Mathematics education: Diverse research activities arise from student interest, are conducted in collaboration with student advisers and span the entire K-16 community. Research is guided by current research and related issues that emerge from within the mathematics education research community.

National environmental literacy assessment (NELA) project: Funded by NOAA and EPA, and administered by the North American Association for Environmental Education, the NELA project is a multi-phase research project to help determine how environmental education practices support the development of environmental literacy among middle-school students around the U.S.

Operations research: Active areas of research in the operations research area include stochastic games, stochastic networks, mathematical finance, stochastic programming, optimization and optimal control, inverse and ill-posed problems, regularization, bioinformatics, data mining, biostatistics, image processing, signal processing, modeling of controlled queuing systems, decision making under uncertainty, modeling of complex biological systems, engineering management, quality control, scheduling and timetabling algorithms, applied graph theory and integer programming.
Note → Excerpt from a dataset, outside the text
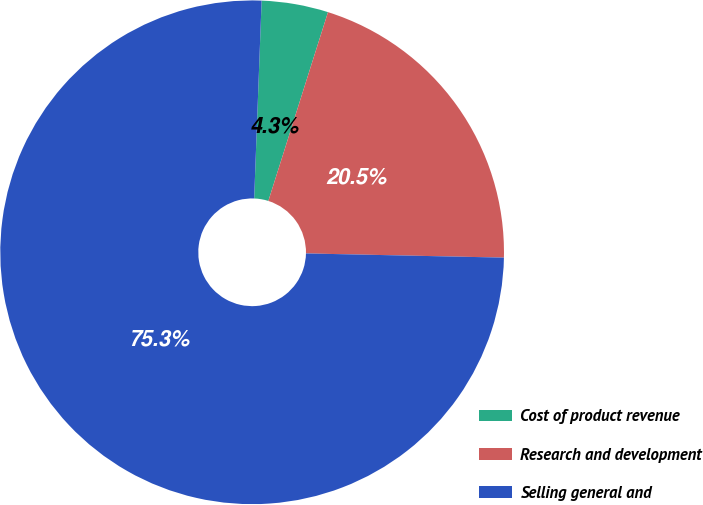Convert chart. <chart><loc_0><loc_0><loc_500><loc_500><pie_chart><fcel>Cost of product revenue<fcel>Research and development<fcel>Selling general and<nl><fcel>4.27%<fcel>20.47%<fcel>75.27%<nl></chart> 
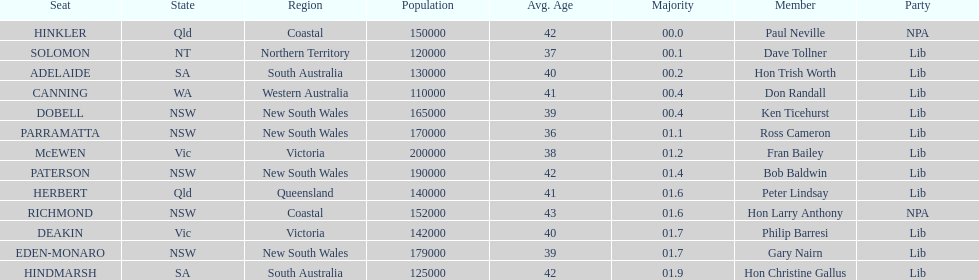What was the total majority that the dobell seat had? 00.4.

Science education: Research activities in science education vary across all major science disciplines including aeronautics, biology, chemistry, computer science, environmental and earth science, physics and psychology. Students are encourage to pursue research topics commensurate with their science background and teaching experience and represent the application of science to the K-16 education community.